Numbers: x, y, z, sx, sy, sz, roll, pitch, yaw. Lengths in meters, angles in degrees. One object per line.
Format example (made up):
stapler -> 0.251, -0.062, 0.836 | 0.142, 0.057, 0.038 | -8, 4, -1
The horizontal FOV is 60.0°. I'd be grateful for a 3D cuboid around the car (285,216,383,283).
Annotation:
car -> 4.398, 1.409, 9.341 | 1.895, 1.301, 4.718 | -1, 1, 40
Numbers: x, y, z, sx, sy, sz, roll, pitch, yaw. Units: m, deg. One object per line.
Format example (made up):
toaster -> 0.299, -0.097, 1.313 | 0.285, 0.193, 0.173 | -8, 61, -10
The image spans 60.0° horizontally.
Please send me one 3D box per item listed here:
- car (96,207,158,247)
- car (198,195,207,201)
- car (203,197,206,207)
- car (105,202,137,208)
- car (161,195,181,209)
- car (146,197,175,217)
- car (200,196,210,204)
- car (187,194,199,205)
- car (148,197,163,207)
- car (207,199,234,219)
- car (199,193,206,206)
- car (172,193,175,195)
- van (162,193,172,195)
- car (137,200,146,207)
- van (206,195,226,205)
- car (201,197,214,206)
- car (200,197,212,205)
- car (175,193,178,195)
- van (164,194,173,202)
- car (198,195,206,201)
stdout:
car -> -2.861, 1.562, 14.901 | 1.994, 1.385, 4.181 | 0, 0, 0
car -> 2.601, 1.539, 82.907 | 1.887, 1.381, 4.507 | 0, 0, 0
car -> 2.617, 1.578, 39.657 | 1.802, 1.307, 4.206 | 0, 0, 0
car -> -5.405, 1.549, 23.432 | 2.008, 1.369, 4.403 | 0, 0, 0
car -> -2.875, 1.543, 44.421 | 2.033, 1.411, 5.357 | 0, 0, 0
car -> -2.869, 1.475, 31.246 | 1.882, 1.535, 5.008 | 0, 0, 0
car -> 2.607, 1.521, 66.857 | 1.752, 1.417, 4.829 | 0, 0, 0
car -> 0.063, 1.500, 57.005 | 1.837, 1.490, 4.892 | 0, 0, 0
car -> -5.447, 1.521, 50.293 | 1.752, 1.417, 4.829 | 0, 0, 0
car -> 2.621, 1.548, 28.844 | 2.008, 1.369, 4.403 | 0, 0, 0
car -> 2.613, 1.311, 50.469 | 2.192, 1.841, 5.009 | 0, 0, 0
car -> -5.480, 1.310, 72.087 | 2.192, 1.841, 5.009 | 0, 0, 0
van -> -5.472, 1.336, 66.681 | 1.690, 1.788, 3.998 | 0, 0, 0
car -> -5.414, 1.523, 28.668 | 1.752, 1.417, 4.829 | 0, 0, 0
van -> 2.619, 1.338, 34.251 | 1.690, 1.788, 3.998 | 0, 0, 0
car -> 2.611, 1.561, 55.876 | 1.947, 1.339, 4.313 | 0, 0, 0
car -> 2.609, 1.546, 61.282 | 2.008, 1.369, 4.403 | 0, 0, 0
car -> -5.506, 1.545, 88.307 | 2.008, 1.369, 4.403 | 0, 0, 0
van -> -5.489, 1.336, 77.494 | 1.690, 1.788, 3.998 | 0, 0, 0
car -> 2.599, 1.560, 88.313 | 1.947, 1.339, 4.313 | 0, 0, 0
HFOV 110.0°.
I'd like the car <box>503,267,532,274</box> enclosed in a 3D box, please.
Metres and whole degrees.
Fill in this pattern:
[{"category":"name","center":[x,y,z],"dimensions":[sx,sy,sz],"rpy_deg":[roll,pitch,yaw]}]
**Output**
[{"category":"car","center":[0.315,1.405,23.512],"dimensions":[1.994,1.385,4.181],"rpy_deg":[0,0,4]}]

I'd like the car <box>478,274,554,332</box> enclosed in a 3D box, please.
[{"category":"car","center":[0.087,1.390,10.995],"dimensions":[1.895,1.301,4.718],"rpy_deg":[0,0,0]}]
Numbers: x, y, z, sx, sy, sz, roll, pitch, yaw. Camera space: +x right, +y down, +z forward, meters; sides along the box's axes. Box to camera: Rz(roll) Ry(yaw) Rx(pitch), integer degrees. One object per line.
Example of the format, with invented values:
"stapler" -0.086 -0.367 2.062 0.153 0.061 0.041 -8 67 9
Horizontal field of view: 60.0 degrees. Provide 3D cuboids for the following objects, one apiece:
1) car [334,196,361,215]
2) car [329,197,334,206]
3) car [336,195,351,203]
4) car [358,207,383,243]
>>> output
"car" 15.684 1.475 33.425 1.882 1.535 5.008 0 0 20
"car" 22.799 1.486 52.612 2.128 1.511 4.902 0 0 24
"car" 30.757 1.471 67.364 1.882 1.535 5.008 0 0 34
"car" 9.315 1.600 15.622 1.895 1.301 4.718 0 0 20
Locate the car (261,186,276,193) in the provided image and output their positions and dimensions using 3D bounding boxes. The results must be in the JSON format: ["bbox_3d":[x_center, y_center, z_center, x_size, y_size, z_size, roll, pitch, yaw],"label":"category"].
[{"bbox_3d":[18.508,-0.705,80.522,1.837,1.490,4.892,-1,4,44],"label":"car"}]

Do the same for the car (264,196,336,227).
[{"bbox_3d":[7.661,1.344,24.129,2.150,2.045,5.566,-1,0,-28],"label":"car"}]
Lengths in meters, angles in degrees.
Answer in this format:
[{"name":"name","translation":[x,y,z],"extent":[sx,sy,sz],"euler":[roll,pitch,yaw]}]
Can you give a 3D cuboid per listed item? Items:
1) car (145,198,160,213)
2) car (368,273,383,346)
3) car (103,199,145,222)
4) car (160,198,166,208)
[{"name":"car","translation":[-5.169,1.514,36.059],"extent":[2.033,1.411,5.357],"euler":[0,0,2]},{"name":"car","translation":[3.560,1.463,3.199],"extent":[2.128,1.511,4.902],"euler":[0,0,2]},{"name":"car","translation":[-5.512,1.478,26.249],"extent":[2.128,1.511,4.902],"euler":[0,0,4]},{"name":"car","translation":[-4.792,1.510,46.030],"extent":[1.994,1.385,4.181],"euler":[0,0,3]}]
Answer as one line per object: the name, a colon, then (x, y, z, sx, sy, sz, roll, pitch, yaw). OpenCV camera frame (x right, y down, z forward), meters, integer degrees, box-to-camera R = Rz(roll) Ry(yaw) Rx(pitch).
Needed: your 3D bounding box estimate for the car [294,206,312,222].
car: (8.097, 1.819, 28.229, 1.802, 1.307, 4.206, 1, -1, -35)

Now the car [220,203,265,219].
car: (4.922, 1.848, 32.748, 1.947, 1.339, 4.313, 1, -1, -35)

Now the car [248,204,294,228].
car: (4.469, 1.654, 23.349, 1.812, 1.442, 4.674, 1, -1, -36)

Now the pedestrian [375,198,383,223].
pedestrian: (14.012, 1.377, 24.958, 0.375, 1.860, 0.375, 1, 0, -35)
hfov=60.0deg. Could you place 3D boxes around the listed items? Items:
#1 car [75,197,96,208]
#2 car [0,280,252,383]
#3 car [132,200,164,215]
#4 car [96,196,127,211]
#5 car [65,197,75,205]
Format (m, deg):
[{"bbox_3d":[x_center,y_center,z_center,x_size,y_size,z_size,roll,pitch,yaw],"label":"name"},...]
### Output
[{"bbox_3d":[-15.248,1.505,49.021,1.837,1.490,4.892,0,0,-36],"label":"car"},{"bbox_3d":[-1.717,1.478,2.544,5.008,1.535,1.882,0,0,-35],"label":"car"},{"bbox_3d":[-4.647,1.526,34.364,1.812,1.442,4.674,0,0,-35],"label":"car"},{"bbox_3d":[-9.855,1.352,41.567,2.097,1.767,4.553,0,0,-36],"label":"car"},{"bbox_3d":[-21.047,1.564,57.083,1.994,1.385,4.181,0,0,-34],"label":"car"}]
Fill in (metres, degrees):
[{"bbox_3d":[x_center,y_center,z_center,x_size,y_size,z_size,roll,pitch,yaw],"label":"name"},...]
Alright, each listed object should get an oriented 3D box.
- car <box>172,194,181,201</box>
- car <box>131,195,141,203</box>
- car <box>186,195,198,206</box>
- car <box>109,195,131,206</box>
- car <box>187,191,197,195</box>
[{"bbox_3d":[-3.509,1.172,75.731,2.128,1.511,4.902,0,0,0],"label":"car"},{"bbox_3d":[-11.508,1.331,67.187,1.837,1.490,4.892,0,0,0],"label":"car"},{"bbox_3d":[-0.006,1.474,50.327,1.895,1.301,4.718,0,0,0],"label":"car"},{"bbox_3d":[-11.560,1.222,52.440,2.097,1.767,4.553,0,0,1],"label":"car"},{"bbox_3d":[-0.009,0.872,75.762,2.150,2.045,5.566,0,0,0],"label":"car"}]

WHAT IS NEEDED:
Everything above from the line containing "Locate the car" through the line containing "Answer in this" must be copied exactly. Nothing outside that range belongs in the answer.

YOUR RESPONSE:
Locate the car (261,186,276,193) in the provided image and output their positions and dimensions using 3D bounding boxes. The results must be in the JSON format: ["bbox_3d":[x_center, y_center, z_center, x_size, y_size, z_size, roll, pitch, yaw],"label":"category"].
[{"bbox_3d":[18.508,-0.705,80.522,1.837,1.490,4.892,-1,4,44],"label":"car"}]

Do the same for the car (264,196,336,227).
[{"bbox_3d":[7.661,1.344,24.129,2.150,2.045,5.566,-1,0,-28],"label":"car"}]
Lengths in meters, angles in degrees.
Answer in this format:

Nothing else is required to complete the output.